On 24/06/21 10:09, mabi wrote:
> Hello,
>
> Is it possible with Xen on Debian 10 to have two Xen servers both directly attached in a redundant way through HBA interfaces to a single SAN?
>
> The goal here would be to achieve higher availability of the Vms in case one Xen server is down for maintenance or because it is defective. This would mean that the the virtual machines can continue to run on the second available Xen server. The SAN would be used to store the virtual machines images directly via LVM I guess.
>
> I did not find any Xen documentation or third-party howtos in order to do that. Does anyone have any pointers to some documentation or hints? or maybe this is simply not possible?
>
> Best regards,
> Mabi
>
>
>
>
>
>
>
>
Re: Two redundant Xen servers with one SAN [ In reply to ]
Hi,

you can look into solutions based on cLVM or OCFS2 + Corosync/Pacemaker.
Don't forget to set up multipathd so your system can handle the link/controller failovers.
This has been done, and also has been/is a commonplace solution. There is also lots of blog posts that you can dig up once you search the right way.
I would avoid running natively on SAN luns attached to VMs due the risk of "the cluster stack had an error / was misconfigured". If you'd failover manually that would be less of an issue. The clusters like Pacemaker can protect the VMs a bit using SCSI reservations.

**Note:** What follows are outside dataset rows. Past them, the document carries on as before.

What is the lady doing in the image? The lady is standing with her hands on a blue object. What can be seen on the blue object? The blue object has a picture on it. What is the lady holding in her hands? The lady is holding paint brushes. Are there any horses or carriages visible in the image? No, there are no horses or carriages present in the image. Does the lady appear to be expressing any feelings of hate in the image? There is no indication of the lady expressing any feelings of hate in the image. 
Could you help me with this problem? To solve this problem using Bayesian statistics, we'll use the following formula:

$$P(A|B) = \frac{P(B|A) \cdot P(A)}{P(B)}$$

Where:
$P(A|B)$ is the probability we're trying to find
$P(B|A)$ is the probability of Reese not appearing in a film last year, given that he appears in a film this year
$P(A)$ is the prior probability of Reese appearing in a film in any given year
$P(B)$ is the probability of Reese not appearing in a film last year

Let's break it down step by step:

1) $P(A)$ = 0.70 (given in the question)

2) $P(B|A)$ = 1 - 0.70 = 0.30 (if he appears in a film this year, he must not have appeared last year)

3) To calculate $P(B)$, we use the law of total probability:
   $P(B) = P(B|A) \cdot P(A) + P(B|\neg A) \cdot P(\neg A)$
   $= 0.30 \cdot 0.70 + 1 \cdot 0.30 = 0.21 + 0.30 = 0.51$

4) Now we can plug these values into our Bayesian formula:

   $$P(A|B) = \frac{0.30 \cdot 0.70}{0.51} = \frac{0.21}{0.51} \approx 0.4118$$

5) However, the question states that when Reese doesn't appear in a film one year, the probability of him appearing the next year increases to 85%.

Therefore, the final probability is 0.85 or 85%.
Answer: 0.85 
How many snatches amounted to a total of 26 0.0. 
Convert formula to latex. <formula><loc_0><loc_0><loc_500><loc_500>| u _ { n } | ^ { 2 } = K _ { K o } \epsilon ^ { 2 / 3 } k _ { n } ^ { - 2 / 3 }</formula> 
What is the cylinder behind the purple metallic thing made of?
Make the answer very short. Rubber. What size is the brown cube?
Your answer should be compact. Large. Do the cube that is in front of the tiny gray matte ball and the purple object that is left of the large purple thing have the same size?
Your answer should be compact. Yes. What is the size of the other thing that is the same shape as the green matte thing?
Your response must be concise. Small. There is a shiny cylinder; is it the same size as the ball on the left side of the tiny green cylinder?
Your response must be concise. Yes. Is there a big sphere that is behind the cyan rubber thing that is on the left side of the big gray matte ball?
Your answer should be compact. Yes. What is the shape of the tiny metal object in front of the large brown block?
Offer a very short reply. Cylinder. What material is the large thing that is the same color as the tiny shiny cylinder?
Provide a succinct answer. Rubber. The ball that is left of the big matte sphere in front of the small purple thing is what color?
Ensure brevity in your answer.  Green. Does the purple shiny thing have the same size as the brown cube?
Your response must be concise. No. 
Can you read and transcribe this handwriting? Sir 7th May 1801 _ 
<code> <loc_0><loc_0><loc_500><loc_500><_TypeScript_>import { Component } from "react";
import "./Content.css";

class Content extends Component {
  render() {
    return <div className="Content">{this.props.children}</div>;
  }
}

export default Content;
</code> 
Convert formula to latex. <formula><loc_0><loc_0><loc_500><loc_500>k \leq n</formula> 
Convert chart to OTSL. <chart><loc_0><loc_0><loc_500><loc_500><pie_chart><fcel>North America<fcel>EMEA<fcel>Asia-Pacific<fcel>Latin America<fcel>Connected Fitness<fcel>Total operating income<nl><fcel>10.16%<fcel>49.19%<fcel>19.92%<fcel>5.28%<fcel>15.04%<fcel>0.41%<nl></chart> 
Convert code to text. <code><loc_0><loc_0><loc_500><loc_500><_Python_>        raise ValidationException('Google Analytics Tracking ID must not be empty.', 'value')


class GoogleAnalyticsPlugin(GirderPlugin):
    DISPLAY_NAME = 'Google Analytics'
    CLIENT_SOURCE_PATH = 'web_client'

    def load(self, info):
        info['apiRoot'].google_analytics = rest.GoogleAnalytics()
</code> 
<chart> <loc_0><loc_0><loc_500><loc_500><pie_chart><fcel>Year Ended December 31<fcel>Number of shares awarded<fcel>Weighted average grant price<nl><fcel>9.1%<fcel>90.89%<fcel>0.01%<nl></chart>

There was also Remus for running 2 VMs in lockstep for HA, but that was expecting no shared storage and was never polished by anyone to be worthwhile for production use.

A fair warning: Most homegrown HA setups like they're done commonly in the ISP industry tend to blow up much more often than what a proper solution should be like.

It might be better to pick something pre-made for that purpose if you don't have the SAN/Cluster experience.
I.e. XenServer/XCP or Oracle VM3.

Good luck!

Florian


> Am 24.06.2021 um 10:09 schrieb mabi <mabi@protonmail.ch>:
>
> Hello,
>
> Is it possible with Xen on Debian 10 to have two Xen servers both directly attached in a redundant way through HBA interfaces to a single SAN?
>
> The goal here would be to achieve higher availability of the Vms in case one Xen server is down for maintenance or because it is defective. This would mean that the the virtual machines can continue to run on the second available Xen server. The SAN would be used to store the virtual machines images directly via LVM I guess.
>
> I did not find any Xen documentation or third-party howtos in order to do that. Does anyone have any pointers to some documentation or hints? or maybe this is simply not possible?
>
> Best regards,
> Mabi
>
>
>
>
>
>
>
>
Re: Two redundant Xen servers with one SAN [ In reply to ]
Thanks Florian and GD for your answers.

I should have been more precise, I am looking into building a active/passive dual node Xen installation. I don't need active/active as I believe this is also more dangerous.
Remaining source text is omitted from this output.